Jack’s mouth falls open with a strangled sound of indignation and you laugh hard, accidentally honking his truck’s horn when your back slams into the steering wheel.
“Jesus Christ,” he laughs, a hand on your back. “You’re trouble.”
”So I’ve been told,” you hum, your hands finding his chest. “Or was it… risky?”
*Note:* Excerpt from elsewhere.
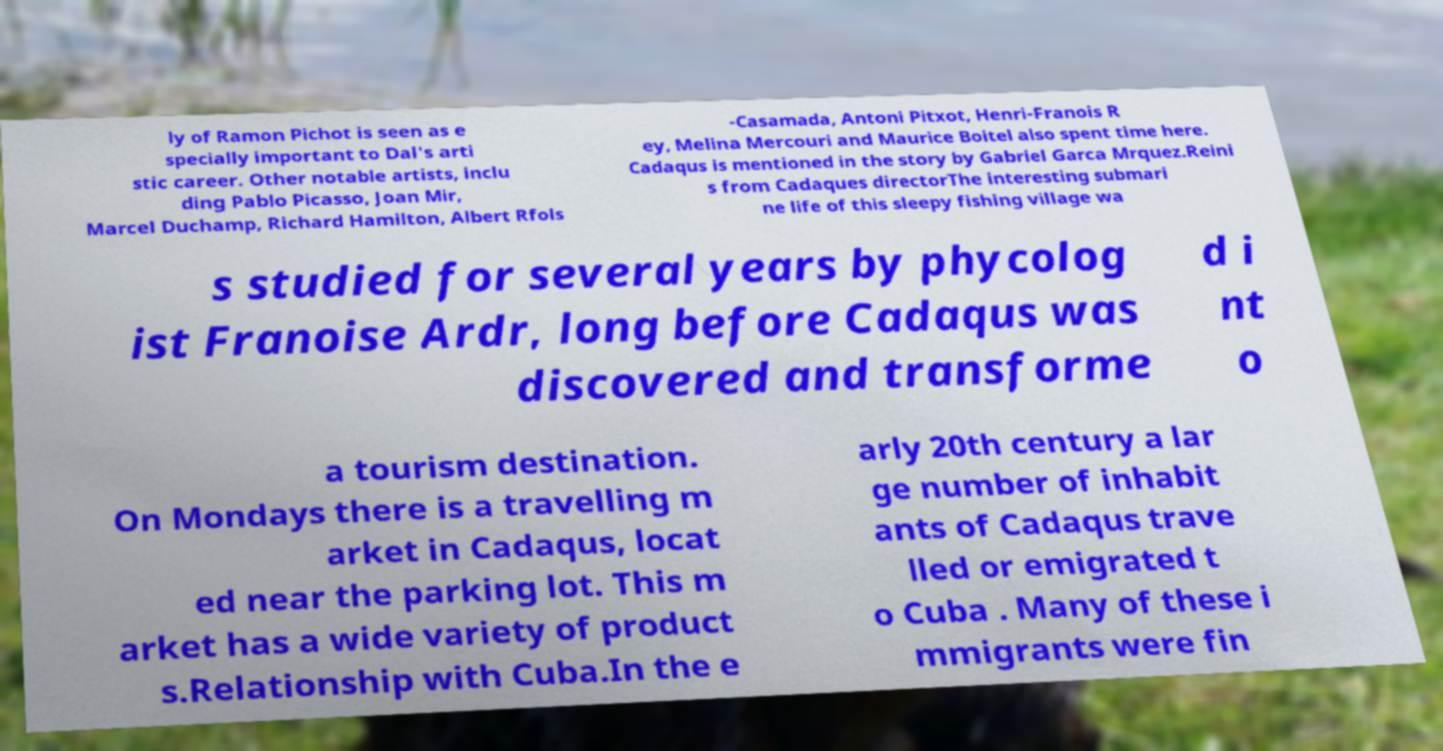Could you assist in decoding the text presented in this image and type it out clearly? ly of Ramon Pichot is seen as e specially important to Dal's arti stic career. Other notable artists, inclu ding Pablo Picasso, Joan Mir, Marcel Duchamp, Richard Hamilton, Albert Rfols -Casamada, Antoni Pitxot, Henri-Franois R ey, Melina Mercouri and Maurice Boitel also spent time here. Cadaqus is mentioned in the story by Gabriel Garca Mrquez.Reini s from Cadaques directorThe interesting submari ne life of this sleepy fishing village wa s studied for several years by phycolog ist Franoise Ardr, long before Cadaqus was discovered and transforme d i nt o a tourism destination. On Mondays there is a travelling m arket in Cadaqus, locat ed near the parking lot. This m arket has a wide variety of product s.Relationship with Cuba.In the e arly 20th century a lar ge number of inhabit ants of Cadaqus trave lled or emigrated t o Cuba . Many of these i mmigrants were fin

Jack rests his head back on the head rest, hands rubbing over your thighs, looking at you through half-lidded eyes. “One worth taking.”
“Yeah?”
He nods. “Sometimes we do things that scare us, right?”
Your heart pounds, like it might break a rib if he keeps talking to you like this.
“Yeah,” you breathe, finding his lips again, until his hands on your hips push you back.
“Okay,” he says. “Hop off before I give the police department a reason to write up another report we both have to sign.”
“No more reports. Or forms,” you say, climbing out of his lap reluctantly, still leaning over to kiss him over the center console until he turns away. You forgot how intoxicating he could be.
“Well. Maybe one more,” he says.
Your eyebrows knit together. “What?”
Jack is silent as he turns the ignition over and puts the truck back into drive, smoothly pulling back onto the road and letting a few blocks go by as you just stare at his profile.
“Probably one more form that says I shouldn’t be evaluating you in a clinical sense until your residency is over,” he says. “Given my conflict of interest.”
“Really?”
“We can talk about it,” he says. “We’ve got all night.”